Supplied records —
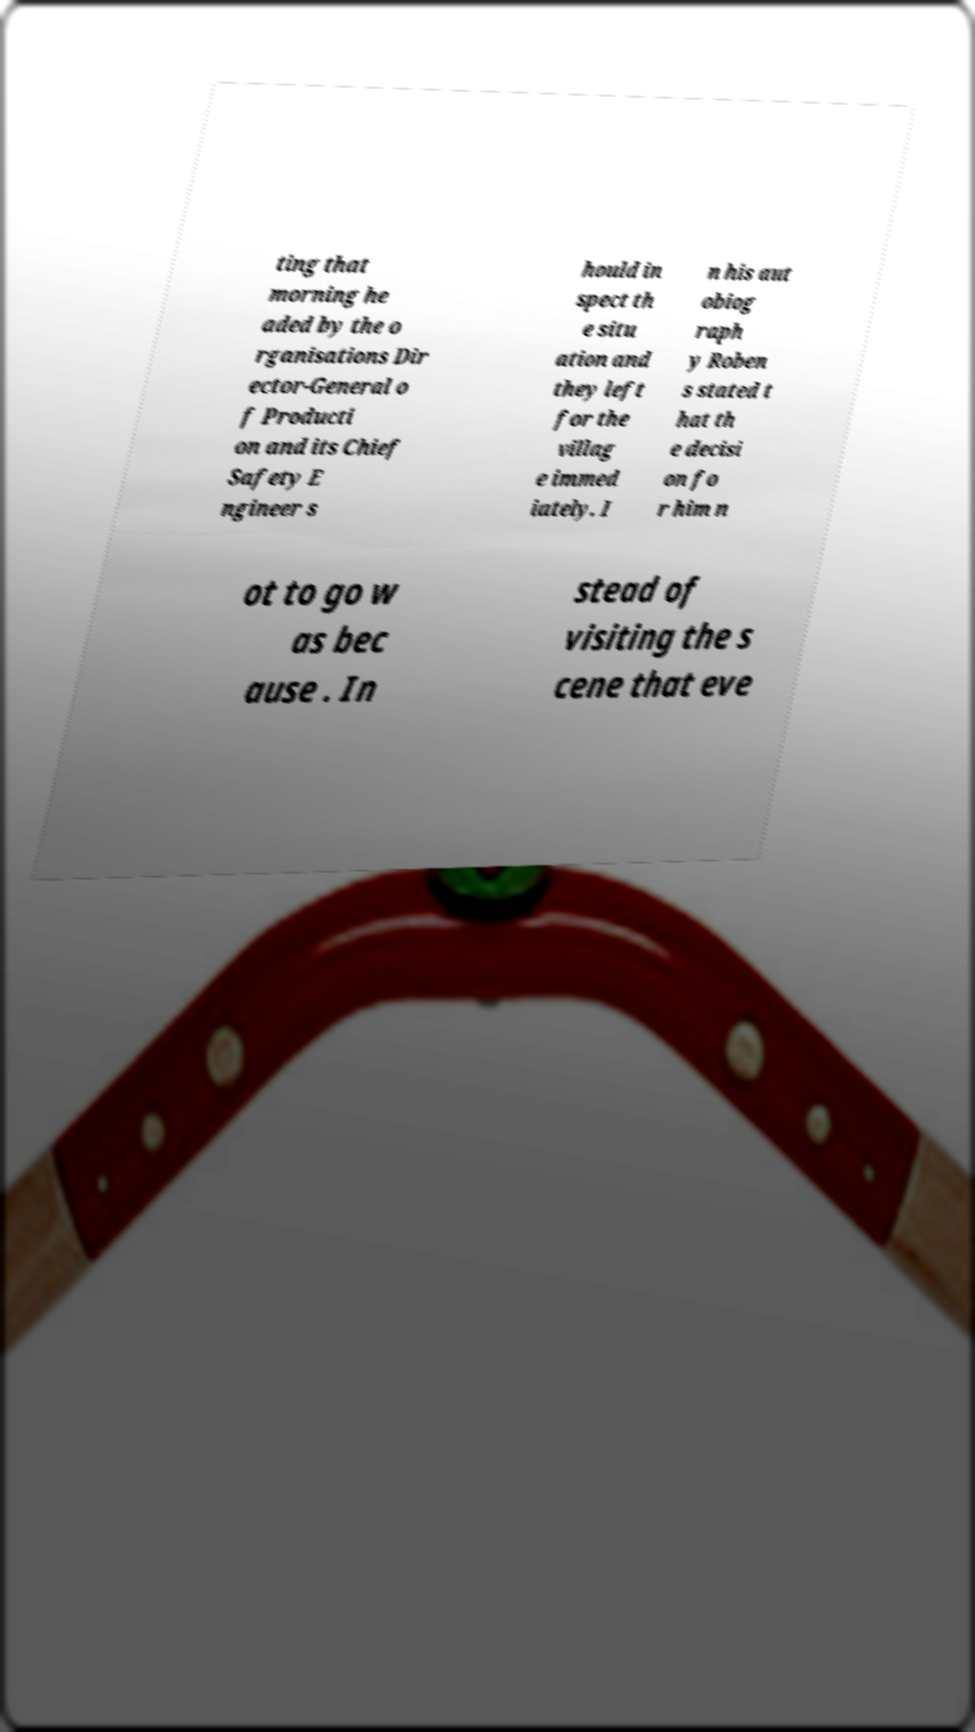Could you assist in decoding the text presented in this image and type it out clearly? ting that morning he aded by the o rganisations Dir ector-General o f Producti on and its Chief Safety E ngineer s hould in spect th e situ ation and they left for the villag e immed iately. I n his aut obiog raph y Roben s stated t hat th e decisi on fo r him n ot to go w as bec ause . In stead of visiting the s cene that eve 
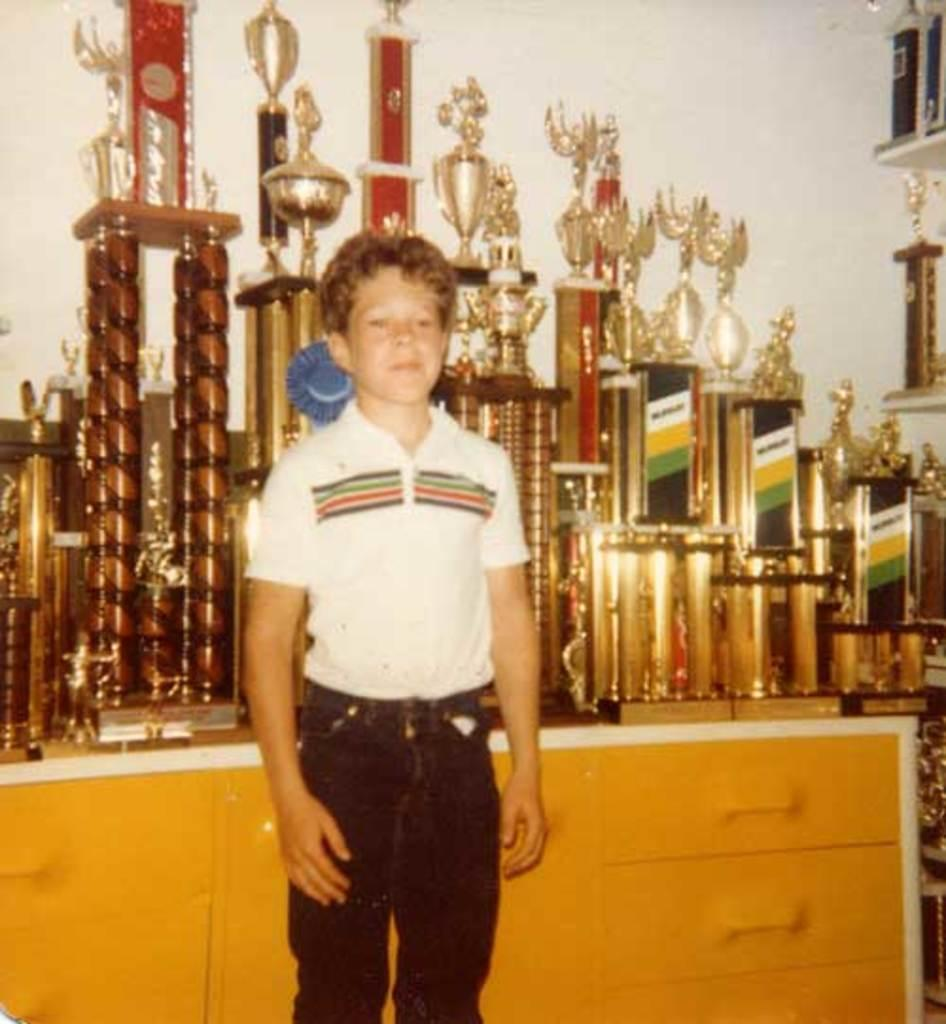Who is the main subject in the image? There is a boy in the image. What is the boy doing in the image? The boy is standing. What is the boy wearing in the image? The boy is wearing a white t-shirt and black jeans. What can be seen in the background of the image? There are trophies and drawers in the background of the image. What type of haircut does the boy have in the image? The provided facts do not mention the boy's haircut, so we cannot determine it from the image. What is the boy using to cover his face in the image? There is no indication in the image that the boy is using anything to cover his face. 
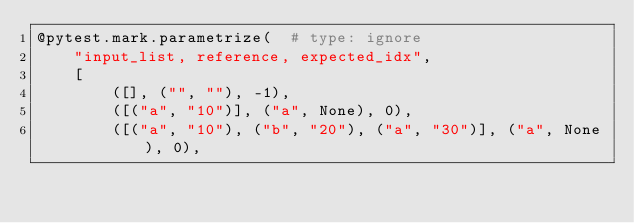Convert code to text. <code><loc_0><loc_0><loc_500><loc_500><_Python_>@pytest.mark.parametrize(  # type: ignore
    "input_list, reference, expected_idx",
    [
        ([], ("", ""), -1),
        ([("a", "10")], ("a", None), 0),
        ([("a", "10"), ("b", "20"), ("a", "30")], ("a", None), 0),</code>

* * *

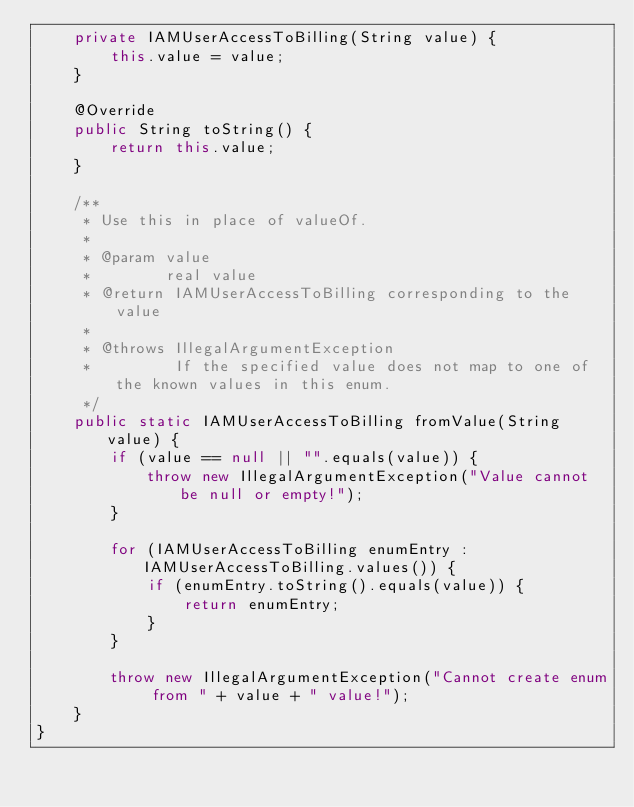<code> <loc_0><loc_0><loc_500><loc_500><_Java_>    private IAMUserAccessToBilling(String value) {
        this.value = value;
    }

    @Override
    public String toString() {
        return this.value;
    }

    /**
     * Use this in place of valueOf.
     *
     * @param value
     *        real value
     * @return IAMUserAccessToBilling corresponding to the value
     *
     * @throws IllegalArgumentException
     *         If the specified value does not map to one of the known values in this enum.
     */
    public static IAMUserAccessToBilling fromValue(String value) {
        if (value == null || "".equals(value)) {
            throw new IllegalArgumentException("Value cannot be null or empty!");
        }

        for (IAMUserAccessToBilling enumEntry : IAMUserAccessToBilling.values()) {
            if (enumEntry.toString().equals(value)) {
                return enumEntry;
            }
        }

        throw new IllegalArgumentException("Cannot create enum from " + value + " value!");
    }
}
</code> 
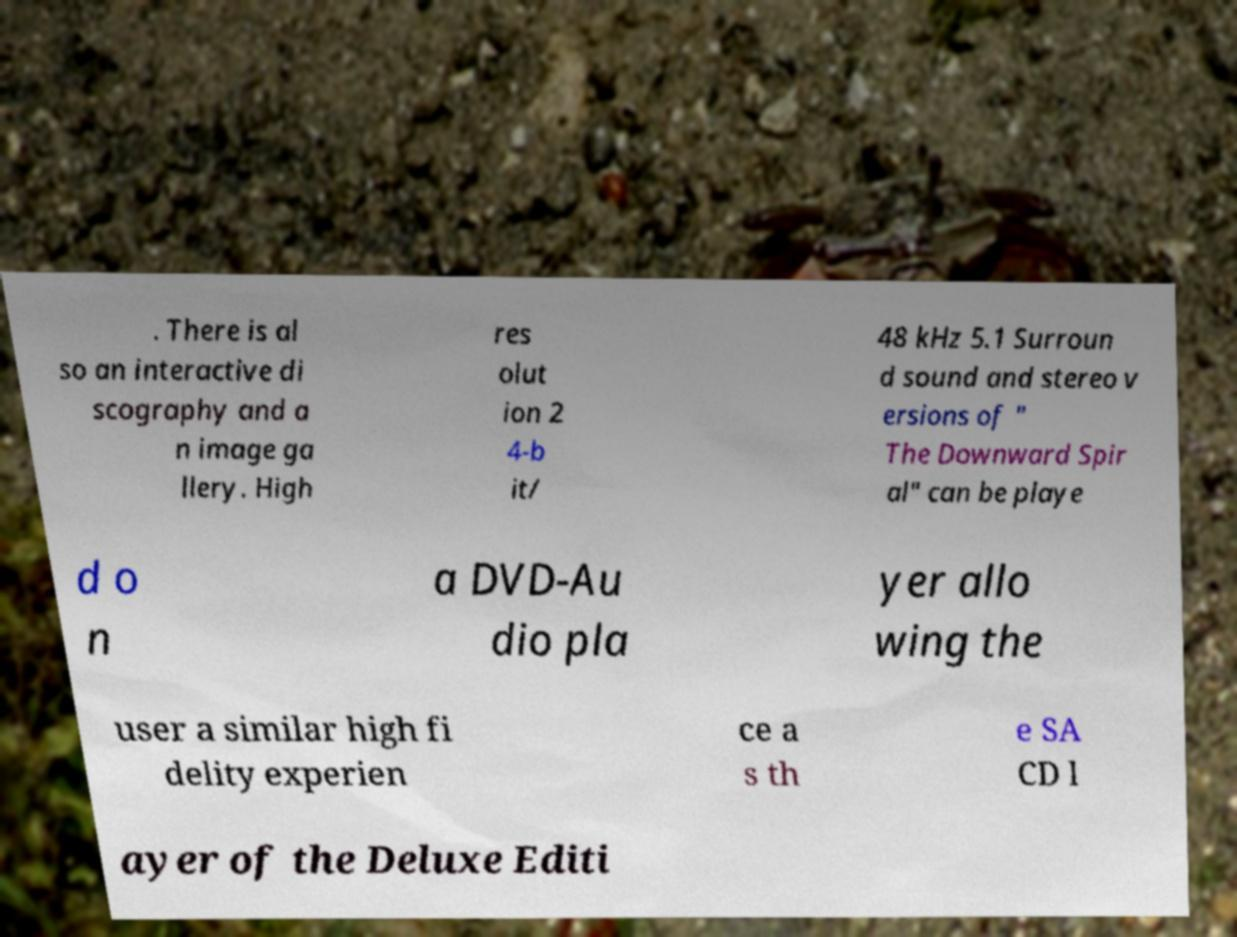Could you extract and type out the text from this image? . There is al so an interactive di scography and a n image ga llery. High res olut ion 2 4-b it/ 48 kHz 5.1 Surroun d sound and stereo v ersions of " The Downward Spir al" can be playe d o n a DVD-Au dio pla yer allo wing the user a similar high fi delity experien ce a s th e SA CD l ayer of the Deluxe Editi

Action item — Only the lines between the one with "public String toString()" and the one with "Could you extract", those two included, get copied from the material above. Keep it exact and free of pictures.

Task output —
    public String toString() {
        return this.value;
    }

    /**
     * Use this in place of valueOf.
     *
     * @param value
     *        real value
     * @return IAMUserAccessToBilling corresponding to the value
     *
     * @throws IllegalArgumentException
     *         If the specified value does not map to one of the known values in this enum.
     */
    public static IAMUserAccessToBilling fromValue(String value) {
        if (value == null || "".equals(value)) {
            throw new IllegalArgumentException("Value cannot be null or empty!");
        }

        for (IAMUserAccessToBilling enumEntry : IAMUserAccessToBilling.values()) {
            if (enumEntry.toString().equals(value)) {
                return enumEntry;
            }
        }

        throw new IllegalArgumentException("Cannot create enum from " + value + " value!");
    }
}
</code> 
Could you extract and type out the text from this image? . There is al so an interactive di scography and a n image ga llery. High res olut ion 2 4-b it/ 48 kHz 5.1 Surroun d sound and stereo v ersions of " The Downward Spir al" can be playe d o n a DVD-Au dio pla yer allo wing the user a similar high fi delity experien ce a s th e SA CD l ayer of the Deluxe Editi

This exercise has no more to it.